Sepulchre
- First edition
- Author: Kate Mosse
- Series: Languedoc Trilogy
- Genre: Historical fiction
- Publisher: Orion Books
- Publication date: 2007
- Preceded by: Labyrinth
- Followed by: Citadel

= Sepulchre (novel) =

2007 book by Kate Mosse

Sepulchre is a novel by the English author Kate Mosse. The story is based in two time periods, 1891 and present day (2007), and follows two female protagonists. It was published in 2007.

==Plot summary==
In 1891, Léonie Vernier is a young girl living in Paris until an invitation from her uncle's widow Isolde prompts a journey to the Carcassonne region with her brother, Anatole. Unknown to Léonie, her brother had been having an affair with Isolde and is being pursued by her jealous former lover, Victor Constant. For a while, they live an idyllic lifestyle in the country. However, Constant discovers where they are staying and sets out to exact his revenge.
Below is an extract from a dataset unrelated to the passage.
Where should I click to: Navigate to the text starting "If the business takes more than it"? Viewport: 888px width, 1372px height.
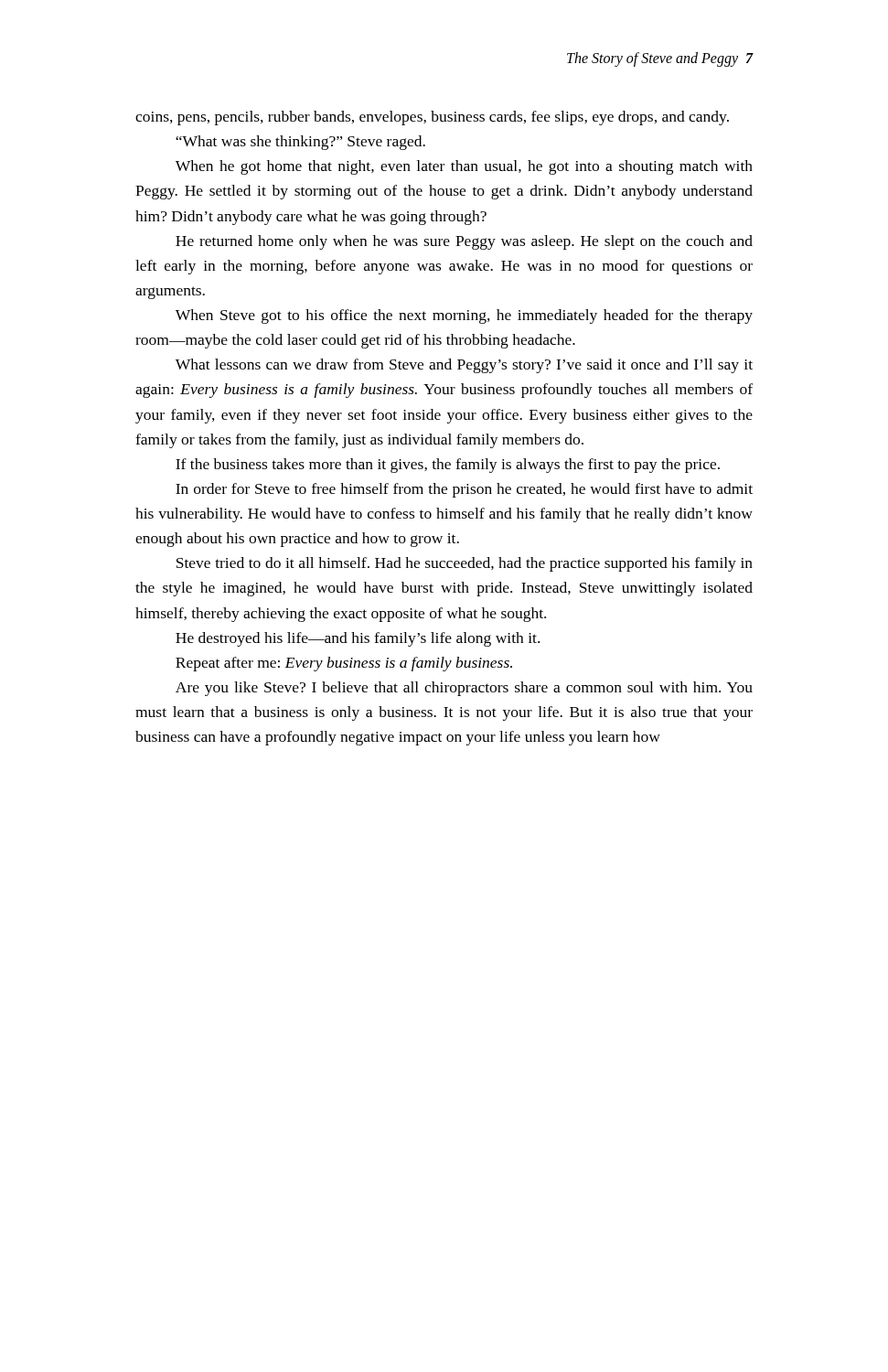[x=448, y=464]

In the present day, an American, Meredith Martin, is in France to research the life of Claude Debussy for a biography she is writing. She is also trying to find out more about her biological mother. During the visit, she uncovers information that links her lineage to that of Léonie Vernier and discovers the truth about the events in Carcassonne during that period in history.

Most of the action takes place in the Domaine de la Cade, a stately home in Rennes-les-Bains, which in 1891 is owned by Léonie's deceased uncle Jules and his wife Isolde, whom Anatole later marries. The house in Meredith's timeline has been repurposed as an upmarket hotel.

There are also parts of the book that are situated in Paris at the same time, as well as parts in towns and villages neighbouring Carcassonne.

The story features heavy reference to the occult and tarot readings, and the stories of Léonie and Meredith are brought together by a series of visions that are related to the tarot and a small church, known as a Sepulchre, in the grounds of the Domaine de la Cade.

Several of the major characters in Mosse's novel Labyrinth make cameo appearances in Sepulchre. Film rights are under negotiation.